Though the circumstances of the Nabokovs’ escape were as devastating as history could afford, the logistics of their arrival in America seemed just as mundanely yet exasperatingly bureaucratic as what those of us who go through the process today face:

On the forms, Nabokov listed himself as an author and Véra as a housewife. Immigrants also had to answer a standard battery of questions about polygamous tendencies, physical defects, and mental health problems, and were required to assert repeatedly that they were not anarchists and had no intent to overthrow the government. The United States was not at war, but was very much worried about Communists and revolutionaries entering the country.

After they finished with immigration, the Nabokovs’ luggage still had to clear customs, but Véra could not find the key to their trunk. Waiting for a locksmith, Nabokov asked where to find a newspaper, and was given The New York Times by a porter. With the persuasion of an iron bar, the lock yielded to the locksmith, who promptly relocked it by mistake. When the trunk had finally been opened for good, customs officials remarked on the dead butterflies Nabokov had packed, and began to spar with the boxing gloves they found inside. Vladimir Nabokov was on his way to becoming an American.

Vladimir Nabokov’s United States Certificate of Naturalization
(Image courtesy Andrea Pitzer)

Despite derailed plans by their greeting party, the ex-wife of Nabokov’s cousin, the family took a cab to her apartment and so began their new life in the city that, as E. B. White famously termed it, “blends the gift of privacy with the excitement of participation.” Pitzer writes:

Gifted with unfettered liberty (so long, apparently, as they did not promote anarchy), Vladimir and Véra made their way into Manhattan with a $100 bill and hope for better prospects.

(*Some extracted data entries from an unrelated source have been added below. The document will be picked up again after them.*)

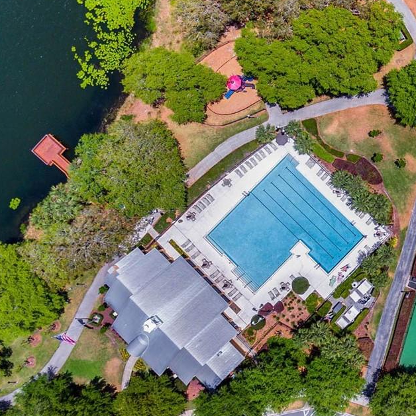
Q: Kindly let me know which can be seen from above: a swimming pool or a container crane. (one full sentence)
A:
I can see a swimming pool in this picture.
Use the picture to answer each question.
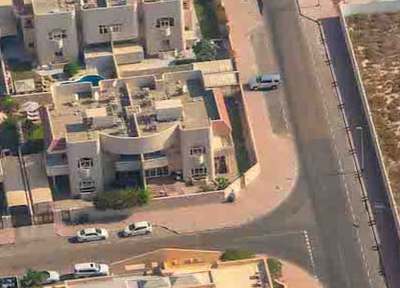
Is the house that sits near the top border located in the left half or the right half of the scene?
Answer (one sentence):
The house that sits near the top border is on the left side of the image.
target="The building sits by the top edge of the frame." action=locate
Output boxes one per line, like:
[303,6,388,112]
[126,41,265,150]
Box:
[28,0,204,84]
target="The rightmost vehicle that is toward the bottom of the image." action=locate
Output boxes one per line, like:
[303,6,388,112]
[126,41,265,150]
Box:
[119,218,153,236]
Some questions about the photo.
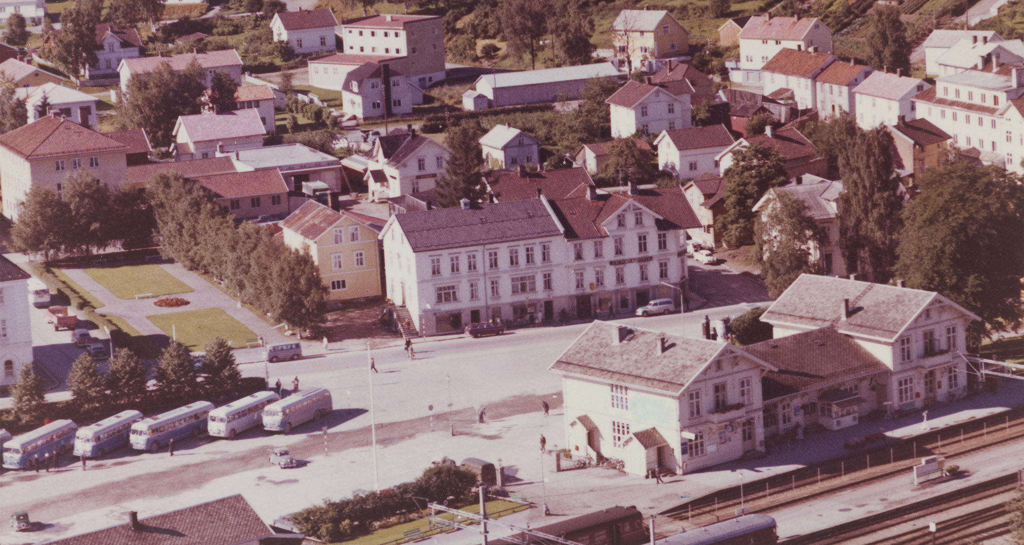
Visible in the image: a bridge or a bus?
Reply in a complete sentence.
Visible in the photo is a bus.
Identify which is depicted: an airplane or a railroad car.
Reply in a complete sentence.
Of the two, only a railroad car appears.
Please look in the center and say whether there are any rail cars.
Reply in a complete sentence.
No, looking in the center, there is no rail car.
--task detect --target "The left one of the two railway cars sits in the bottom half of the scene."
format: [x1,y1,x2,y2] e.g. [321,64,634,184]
[463,500,650,545]
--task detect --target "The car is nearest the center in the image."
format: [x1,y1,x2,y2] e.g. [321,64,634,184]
[468,324,511,339]
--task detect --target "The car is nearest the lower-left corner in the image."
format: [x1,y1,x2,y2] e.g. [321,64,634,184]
[5,510,36,531]
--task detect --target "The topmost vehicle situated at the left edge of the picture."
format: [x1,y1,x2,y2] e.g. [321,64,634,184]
[28,282,50,309]
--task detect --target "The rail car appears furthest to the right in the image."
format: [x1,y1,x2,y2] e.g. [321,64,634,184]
[657,514,786,545]
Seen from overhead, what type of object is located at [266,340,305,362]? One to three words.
vehicle
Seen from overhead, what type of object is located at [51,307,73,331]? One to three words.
truck
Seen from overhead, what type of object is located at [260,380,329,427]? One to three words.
bus
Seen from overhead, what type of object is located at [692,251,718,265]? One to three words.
car

For all the thrill of arrival on a new continent, Nabokov’s routine in the first few weeks must have seemed dispiritingly familiar. Living in a succession of temporary quarters, he once again tried to sell himself and his literary talents — the thing in which he had the most confidence in the world — to a public ignorant of their value.

And yet that very public would come to elevate Nabokov to the status of literary über-celebrity. What few realize, however — and what Pitzer reveals through newly-declassified intelligence files and rigorously researched military records — is that Nabokov wove serious and unsettling political history into the fabric of his fiction, which had gone undetected for decades: until now. Absorbing and illuminating, The Secret History of Vladimir Nabokov paints an unparalleled portrait of the author’s dimensional life and legacy, remarkably, without stripping his work of any of its magic.